Hydraulic fracturing, or fracking, is a process that uses millions of gallons of water, approximately 4.5 to 5 million gallons, to fracture the earth per well. The process pumps the millions of gallons of water into the ground along with sand and chemicals. The mixture is highly pressurized to cause the fractures in the earth that allow the oil and gas to be released.
Because water is needed not only for farming and everyday use but also to frack every well that is drilled, it has become a resource that is in high demand in areas around South Texas and the Eagle Ford Shale where most of the drilling is taking place.
One company, Fountain Quail, is taking steps to ensure that some areas don’t run out of water. The company has opened a flowback recycling center, the first of its kind in Karnes County, in partnership with NAC Services, LLC.
Flowback is the water that comes back out of a well once it is fracked. According to Brent Halldorson of Fountain Quail only about 25 percent of the water pumped into the well during the fracking process comes back out to be recycled or disposed of. When the water comes back out, it comes as salt water.
“We can take that waste stream and make it fresh water,” he said.
The process for taking the saltwater waste stream to fresh reusable water is a two-step process.
Halldorson’s company has come up with a piece of equipment called the Nomad that performs the two steps. Step one involves cleaning the salt water. All of the clay, dirt, polymers and solids forms are removed from the water to make it clean saltwater. Step two is to then take the salt water and turn it back into freshwater by removing the salt, or total dissolved solids, through a boiling process. The end result is fresh distilled water.
Not all of the salt water that starts the process comes out as fresh clean water; some comes out as concentrate brine which is not a waste because it can be used in the completion process in drilling.
The other alternative to the Fountain Quail recycling is deep water disposal wells. Flowback water can be placed in very deep wells and sealed up for no further use.
The Fountain Quail method is more environmentally friendly and “we want to make it economically attractive,” Halldorson said.

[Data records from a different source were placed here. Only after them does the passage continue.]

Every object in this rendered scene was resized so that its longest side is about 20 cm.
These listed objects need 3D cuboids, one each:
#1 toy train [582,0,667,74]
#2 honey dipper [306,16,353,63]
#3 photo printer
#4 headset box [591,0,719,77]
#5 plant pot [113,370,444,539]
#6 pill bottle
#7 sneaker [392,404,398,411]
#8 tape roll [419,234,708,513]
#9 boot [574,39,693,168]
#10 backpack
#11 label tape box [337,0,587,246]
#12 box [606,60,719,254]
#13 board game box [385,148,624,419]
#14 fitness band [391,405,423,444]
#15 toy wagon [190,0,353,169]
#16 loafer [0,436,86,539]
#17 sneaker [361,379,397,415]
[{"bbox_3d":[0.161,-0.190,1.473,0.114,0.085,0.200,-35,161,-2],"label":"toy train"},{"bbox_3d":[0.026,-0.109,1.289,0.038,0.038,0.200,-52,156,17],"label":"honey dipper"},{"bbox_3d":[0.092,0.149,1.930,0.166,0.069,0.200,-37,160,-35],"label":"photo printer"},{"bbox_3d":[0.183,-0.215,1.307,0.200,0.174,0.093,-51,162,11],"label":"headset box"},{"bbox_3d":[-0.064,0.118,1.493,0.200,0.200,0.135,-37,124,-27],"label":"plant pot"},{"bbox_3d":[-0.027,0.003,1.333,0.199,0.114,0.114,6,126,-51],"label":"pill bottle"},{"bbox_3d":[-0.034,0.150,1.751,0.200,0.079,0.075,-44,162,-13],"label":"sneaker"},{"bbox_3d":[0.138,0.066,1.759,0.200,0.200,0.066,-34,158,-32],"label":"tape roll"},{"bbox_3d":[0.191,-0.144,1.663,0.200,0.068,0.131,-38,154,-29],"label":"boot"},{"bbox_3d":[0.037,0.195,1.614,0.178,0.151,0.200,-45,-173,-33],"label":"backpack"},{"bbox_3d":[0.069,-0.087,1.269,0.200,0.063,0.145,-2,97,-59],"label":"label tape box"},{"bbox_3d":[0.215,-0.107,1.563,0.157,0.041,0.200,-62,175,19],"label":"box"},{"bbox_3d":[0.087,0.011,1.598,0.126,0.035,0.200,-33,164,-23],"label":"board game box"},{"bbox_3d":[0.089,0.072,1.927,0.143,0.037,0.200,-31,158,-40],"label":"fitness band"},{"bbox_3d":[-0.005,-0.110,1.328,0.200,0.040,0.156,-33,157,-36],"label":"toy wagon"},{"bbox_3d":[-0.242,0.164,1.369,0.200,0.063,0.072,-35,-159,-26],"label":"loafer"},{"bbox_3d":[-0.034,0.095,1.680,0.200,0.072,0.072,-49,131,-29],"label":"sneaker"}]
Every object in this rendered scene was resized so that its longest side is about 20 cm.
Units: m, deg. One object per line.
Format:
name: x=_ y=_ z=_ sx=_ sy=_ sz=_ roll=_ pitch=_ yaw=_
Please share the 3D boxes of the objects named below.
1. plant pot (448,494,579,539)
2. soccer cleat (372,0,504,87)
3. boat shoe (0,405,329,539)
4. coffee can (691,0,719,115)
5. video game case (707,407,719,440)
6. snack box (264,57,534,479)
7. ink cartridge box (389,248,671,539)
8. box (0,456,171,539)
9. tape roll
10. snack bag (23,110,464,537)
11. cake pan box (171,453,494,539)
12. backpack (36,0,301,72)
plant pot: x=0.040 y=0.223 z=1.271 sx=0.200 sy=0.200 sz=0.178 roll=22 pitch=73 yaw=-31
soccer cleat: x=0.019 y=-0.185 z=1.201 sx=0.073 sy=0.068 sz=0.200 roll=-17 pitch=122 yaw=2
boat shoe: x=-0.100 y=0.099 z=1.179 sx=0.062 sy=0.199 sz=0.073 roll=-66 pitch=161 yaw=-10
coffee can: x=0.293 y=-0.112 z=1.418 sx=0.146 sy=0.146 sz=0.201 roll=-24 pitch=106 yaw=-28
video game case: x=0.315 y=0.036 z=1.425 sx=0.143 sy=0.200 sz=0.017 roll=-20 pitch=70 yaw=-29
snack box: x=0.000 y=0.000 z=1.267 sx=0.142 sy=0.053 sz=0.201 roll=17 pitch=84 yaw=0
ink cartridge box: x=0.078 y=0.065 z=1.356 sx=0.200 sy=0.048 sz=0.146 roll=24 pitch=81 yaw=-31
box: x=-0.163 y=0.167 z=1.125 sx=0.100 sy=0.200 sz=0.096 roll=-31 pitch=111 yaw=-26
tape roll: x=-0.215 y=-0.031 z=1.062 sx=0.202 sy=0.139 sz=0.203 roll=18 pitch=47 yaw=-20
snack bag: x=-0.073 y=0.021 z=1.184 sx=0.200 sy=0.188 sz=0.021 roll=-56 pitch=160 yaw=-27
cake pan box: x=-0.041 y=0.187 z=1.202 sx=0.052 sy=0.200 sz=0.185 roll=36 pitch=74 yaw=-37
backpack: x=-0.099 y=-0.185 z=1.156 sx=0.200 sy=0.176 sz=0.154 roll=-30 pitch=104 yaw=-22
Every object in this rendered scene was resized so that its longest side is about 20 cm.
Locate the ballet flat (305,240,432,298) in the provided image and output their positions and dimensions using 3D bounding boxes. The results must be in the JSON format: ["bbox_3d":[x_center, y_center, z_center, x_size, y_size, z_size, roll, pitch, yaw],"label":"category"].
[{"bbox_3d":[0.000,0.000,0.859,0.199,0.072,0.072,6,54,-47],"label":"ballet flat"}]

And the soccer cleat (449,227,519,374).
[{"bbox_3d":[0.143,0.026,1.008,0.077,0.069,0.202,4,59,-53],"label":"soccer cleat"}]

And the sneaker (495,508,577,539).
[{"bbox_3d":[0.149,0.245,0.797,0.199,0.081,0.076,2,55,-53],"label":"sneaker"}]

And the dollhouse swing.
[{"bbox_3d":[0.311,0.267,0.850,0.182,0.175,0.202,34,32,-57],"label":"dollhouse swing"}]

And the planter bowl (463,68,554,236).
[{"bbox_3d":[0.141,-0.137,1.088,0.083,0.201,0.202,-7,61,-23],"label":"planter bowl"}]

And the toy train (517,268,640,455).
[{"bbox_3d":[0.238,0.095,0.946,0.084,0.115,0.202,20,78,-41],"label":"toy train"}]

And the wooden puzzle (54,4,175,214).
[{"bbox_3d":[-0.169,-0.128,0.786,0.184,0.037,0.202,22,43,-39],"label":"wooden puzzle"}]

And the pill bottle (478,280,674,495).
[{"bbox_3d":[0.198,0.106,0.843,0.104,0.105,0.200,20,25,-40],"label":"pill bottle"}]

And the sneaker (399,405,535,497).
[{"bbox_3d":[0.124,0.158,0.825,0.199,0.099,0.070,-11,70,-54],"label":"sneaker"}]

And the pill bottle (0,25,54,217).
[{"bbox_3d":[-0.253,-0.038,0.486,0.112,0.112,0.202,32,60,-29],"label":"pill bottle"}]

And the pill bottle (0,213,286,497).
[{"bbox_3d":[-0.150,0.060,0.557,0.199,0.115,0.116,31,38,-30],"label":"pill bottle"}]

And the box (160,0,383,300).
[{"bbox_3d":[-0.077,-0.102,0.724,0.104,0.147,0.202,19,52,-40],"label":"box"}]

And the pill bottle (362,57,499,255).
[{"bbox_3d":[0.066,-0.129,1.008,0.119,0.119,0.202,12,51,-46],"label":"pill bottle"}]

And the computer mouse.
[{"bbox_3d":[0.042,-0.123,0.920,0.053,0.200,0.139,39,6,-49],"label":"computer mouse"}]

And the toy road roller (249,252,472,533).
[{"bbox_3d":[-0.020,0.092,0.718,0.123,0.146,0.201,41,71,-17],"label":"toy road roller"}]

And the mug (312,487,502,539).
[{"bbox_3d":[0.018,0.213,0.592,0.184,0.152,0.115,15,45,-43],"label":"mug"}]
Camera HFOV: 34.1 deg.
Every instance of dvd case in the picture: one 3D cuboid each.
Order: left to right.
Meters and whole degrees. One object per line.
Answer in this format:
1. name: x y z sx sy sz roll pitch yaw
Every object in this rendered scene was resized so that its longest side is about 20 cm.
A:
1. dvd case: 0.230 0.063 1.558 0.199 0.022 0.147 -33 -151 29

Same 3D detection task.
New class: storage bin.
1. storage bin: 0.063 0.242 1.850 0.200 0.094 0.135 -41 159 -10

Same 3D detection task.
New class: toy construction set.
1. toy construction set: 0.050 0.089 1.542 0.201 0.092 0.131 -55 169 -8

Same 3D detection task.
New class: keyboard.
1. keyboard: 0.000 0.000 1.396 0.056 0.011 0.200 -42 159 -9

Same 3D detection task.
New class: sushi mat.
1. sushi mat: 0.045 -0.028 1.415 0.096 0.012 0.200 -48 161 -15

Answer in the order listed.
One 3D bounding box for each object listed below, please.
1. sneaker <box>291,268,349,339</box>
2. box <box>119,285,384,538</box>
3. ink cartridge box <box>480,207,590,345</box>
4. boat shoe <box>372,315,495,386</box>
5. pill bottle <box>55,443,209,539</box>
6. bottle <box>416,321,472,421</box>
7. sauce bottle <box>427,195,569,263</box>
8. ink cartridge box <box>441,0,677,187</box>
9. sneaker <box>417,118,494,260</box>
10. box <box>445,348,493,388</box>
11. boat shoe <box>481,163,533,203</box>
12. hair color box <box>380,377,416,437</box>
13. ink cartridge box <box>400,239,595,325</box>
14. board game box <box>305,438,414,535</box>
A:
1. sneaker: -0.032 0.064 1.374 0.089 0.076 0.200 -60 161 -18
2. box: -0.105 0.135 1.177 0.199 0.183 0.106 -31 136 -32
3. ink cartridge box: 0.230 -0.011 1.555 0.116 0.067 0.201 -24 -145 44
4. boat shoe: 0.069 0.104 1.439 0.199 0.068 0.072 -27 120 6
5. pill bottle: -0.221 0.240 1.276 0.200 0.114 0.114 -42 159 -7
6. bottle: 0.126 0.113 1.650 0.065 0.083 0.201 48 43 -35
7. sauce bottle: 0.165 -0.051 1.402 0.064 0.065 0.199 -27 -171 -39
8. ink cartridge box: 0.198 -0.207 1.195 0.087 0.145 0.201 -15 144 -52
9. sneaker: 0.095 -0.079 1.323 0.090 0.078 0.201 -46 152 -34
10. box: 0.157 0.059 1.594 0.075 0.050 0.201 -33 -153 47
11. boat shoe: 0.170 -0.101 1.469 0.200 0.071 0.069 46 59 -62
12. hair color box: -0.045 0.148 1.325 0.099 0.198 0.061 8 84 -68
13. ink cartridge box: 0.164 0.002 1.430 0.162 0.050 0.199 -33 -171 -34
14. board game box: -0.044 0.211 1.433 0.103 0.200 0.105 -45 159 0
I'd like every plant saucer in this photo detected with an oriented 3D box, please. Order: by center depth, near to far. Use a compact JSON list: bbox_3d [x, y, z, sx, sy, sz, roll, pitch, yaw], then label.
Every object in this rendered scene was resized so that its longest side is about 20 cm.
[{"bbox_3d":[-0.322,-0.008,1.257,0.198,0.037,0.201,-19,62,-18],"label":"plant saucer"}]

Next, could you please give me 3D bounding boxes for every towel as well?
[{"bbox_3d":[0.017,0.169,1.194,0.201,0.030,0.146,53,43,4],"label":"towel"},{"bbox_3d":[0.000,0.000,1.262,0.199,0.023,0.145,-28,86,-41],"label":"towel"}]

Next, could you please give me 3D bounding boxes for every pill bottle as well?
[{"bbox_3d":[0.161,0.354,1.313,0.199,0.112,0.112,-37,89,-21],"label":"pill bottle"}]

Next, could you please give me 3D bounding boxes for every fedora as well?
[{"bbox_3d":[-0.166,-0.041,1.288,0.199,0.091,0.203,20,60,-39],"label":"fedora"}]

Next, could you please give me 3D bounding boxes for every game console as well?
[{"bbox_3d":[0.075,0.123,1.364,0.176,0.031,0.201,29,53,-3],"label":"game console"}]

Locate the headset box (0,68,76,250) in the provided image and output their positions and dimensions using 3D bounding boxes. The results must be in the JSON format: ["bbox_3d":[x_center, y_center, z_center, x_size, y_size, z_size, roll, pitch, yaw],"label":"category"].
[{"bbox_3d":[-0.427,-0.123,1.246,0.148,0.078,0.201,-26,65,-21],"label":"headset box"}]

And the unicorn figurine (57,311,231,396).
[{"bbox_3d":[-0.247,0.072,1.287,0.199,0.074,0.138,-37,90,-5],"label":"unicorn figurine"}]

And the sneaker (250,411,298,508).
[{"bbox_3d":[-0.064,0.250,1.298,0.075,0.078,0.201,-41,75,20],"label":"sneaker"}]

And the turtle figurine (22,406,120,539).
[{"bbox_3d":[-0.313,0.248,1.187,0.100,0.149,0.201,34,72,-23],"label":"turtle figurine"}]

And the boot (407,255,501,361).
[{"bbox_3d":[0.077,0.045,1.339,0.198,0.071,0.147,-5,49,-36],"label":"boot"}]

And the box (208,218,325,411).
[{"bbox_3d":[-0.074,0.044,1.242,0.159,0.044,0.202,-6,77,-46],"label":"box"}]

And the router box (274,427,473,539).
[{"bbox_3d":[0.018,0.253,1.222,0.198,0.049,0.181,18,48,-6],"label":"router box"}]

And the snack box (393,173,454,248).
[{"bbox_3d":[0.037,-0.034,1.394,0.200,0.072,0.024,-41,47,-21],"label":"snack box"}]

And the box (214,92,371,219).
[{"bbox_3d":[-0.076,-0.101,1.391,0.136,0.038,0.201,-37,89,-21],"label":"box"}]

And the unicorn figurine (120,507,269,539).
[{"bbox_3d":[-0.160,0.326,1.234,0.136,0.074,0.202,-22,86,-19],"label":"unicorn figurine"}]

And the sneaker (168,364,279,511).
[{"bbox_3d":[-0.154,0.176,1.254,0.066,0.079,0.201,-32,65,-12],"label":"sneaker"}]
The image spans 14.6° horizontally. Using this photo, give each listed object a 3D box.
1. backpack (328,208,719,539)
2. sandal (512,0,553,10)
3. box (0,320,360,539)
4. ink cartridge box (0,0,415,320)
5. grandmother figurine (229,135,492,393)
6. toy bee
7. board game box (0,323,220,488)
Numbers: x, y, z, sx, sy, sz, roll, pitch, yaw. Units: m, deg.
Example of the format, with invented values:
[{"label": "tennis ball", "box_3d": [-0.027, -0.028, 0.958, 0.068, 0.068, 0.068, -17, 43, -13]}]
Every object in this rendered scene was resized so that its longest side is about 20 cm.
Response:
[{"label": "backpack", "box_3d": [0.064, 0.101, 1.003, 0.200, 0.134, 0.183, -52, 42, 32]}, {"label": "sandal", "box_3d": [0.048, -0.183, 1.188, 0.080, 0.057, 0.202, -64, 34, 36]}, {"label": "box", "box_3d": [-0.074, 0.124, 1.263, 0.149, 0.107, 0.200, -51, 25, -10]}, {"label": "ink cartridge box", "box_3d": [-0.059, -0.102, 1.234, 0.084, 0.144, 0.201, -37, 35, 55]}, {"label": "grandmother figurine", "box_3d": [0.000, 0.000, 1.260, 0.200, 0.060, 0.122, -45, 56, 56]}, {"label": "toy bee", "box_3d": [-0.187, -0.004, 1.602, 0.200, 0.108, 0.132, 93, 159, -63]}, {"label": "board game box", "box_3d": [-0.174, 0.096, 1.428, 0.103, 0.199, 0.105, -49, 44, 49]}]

The NAC Kenedy plant has been in operation since early November. Halldorson said the company chose that location for its recycling center because of the proximity to ongoing activity. The wastewater has to be trucked to the plant for the recycling process to take place but the trucks don’t have to wait on the process. There are holding ponds with fresh water ready and waiting to be taken away after the non-usable water is unloaded.
The whole plant takes up only about a five acres of space on the NAC property and Halldorson said all of the equipment is movable so it can be relocated at any time depending on where the activity is. Moving the facility close to where the activity is makes it attractive to companies because it is more cost effective to truck the water shorter distances.
The company also has operated flowback recycling centers in the Barnett Shale in North Texas. The company has recycled roughly 8 million gallons over its seven years of operation in the Barnett Shale.
“Every drop of water that we have used in Texas has been used to frack a new well,” Halldorson said. “That is 800 million gallons that didn’t come from the environment.”
He said his company is not trying to push recycling but giving people options.
“We have to make sure that the cost of recycling is competitive with disposal wells,” he said. “The value of the recycled fresh water helps make recycling economically attractive.”
The company has hopes that the recycling concept will take off as it did in the Barnett and that Fountain Quail will be able to open up several more recycling facilities all around the Eagle Ford or move the one it has in place currently.